USDA has announced partnerships with several Illinois farm organizations to further conservation efforts through the USDA Partnerships for Climate-Smart Commodities program. Out of an original budget of $1 billion, the program awarded $2.8 billion in grants to 70 selected collaborative projects and partnerships. Ultimately, USDA’s anticipated investment will triple to more than $3 billion in pilots that will create market opportunities for U.S. commodities produced using climate-smart production practices.

Here are examples of grants that were awarded:

Farmers for Soil Health. Funded at $95 million, the Farmers for Soil Health project will incentivize additional acres of cover crops, with the goal of 30 million acres in Illinois by 2030.

The FSH collaboration includes IL Corn, Illinois Soybean Association and Illinois Pork Producers Association, which are partners via their national associations.

Field to Market. Funded at $70 million, Field to Market will work through the Precision Conservation Management (PCM) program administered by IL Corn and ISA.

“IL Corn promised an additional $100,000 of funding and $50,000 of in-kind services for the Field to Market Innovative Finance Initiative project.
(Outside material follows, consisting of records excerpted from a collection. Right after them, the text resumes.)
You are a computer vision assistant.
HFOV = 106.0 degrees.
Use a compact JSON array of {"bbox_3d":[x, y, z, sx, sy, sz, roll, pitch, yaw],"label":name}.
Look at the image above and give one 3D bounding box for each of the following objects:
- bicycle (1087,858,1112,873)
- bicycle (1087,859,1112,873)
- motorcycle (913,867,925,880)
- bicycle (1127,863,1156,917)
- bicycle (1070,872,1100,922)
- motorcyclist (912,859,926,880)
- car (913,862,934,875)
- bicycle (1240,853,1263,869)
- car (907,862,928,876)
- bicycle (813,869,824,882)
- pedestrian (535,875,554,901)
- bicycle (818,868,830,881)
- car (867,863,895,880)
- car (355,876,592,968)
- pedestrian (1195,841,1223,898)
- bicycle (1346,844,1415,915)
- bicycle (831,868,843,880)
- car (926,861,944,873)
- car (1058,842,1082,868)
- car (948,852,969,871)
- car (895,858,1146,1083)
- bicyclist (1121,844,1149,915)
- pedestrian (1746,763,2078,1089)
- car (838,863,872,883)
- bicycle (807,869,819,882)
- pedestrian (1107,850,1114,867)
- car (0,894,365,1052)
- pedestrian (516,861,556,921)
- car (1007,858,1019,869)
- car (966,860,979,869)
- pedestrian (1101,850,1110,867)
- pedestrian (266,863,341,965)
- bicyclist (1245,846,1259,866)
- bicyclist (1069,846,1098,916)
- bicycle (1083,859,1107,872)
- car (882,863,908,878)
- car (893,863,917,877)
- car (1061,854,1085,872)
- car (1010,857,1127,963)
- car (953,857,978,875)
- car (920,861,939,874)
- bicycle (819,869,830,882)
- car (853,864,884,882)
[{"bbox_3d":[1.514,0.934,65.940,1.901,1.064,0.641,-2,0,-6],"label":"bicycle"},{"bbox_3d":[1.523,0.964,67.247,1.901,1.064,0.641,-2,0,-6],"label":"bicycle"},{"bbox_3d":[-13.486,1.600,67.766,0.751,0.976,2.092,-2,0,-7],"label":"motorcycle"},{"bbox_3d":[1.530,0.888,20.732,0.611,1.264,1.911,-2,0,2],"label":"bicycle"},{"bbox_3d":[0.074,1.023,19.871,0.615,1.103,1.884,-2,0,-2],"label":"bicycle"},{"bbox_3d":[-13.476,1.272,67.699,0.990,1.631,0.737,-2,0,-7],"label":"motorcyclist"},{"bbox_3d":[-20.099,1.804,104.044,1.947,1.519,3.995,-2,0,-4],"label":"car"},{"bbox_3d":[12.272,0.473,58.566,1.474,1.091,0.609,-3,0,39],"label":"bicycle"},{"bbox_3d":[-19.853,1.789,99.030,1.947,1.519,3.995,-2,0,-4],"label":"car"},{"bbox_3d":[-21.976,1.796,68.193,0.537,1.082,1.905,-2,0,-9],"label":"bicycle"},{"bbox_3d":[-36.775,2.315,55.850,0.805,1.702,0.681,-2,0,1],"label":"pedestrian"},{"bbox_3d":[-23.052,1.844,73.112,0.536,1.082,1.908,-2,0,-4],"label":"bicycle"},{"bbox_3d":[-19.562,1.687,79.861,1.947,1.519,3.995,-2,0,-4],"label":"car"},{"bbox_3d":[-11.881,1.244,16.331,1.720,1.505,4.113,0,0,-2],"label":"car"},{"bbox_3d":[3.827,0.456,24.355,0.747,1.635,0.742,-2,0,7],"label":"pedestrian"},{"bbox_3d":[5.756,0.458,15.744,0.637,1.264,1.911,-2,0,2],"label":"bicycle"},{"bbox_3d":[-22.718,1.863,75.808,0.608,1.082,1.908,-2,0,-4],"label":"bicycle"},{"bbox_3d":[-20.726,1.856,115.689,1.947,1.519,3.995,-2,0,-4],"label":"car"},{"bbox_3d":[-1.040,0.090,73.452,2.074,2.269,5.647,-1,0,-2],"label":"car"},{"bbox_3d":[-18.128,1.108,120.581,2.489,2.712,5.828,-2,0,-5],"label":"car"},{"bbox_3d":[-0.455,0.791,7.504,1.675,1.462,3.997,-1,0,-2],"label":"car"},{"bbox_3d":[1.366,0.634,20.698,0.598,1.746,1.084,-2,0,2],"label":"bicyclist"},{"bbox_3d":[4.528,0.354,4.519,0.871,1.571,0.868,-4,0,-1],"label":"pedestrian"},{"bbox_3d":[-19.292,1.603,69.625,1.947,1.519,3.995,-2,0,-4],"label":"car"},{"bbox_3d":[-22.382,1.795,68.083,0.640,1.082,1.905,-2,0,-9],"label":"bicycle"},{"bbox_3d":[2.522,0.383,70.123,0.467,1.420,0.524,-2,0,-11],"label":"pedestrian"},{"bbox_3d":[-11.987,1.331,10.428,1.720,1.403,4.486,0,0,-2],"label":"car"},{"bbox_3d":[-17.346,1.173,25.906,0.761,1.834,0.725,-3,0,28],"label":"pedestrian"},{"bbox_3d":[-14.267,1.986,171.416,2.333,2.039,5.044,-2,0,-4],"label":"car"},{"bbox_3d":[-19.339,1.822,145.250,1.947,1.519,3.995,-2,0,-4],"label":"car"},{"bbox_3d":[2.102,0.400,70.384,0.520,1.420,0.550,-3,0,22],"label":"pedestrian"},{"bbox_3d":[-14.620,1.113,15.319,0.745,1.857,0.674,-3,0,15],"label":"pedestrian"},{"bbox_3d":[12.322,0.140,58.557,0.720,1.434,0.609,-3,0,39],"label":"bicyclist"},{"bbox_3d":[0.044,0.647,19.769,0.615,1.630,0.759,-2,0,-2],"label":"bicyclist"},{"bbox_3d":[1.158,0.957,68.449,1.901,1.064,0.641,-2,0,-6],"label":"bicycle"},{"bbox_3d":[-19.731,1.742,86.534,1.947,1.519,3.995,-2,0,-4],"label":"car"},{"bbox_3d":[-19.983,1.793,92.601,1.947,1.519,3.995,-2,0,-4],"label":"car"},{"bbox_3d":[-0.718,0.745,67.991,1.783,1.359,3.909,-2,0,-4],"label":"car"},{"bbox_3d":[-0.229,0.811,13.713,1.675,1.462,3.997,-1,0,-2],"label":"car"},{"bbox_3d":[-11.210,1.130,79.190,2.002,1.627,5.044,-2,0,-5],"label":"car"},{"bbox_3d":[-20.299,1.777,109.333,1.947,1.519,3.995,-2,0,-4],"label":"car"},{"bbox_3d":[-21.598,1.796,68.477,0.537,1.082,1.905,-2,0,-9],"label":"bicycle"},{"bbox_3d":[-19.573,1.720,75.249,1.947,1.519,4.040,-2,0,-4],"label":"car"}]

We are heavily invested in climate-smart programs, vetted by farmers and workable for farmers,” says Marty Marr, Illinois Corn Growers Association president and a farmer from New Berlin, Ill.

The idea behind PCM is to help farmers see economic and environmental benefits to conservation practices via research on real Illinois farms.

“The transition to climate-smart agricultural practices is a journey that many farmers cannot undertake alone,” says Field to Market President Scott Herndon. “We are incredibly grateful to be selected as a recipient of this funding, as it allows us to increase the availability of innovative strategies that reduce the financial and agronomic risks for farmers in adopting climate-smart practices.”


Growmark essay contest now open

Growmark is again holding an essay contest for all U.S. high school FFA members, with the chance to win $1,000 for the member and $750 for his or her chapter. Four national runners-up will each receive $500, and their chapters will receive $300. States with at least 25 essays submitted will also have a state winner selected. Each school may submit one essay.

The theme for the 2023 contest is: “How can ag cooperatives stay relevant to future generations?” Deadline is Oct. 28.

This is the 30th year for the essay program, designed to help young people develop their writing skills, learn about current issues affecting agriculture and understand the unique role of cooperatives.

Get more details at growmark.com; submit essays online.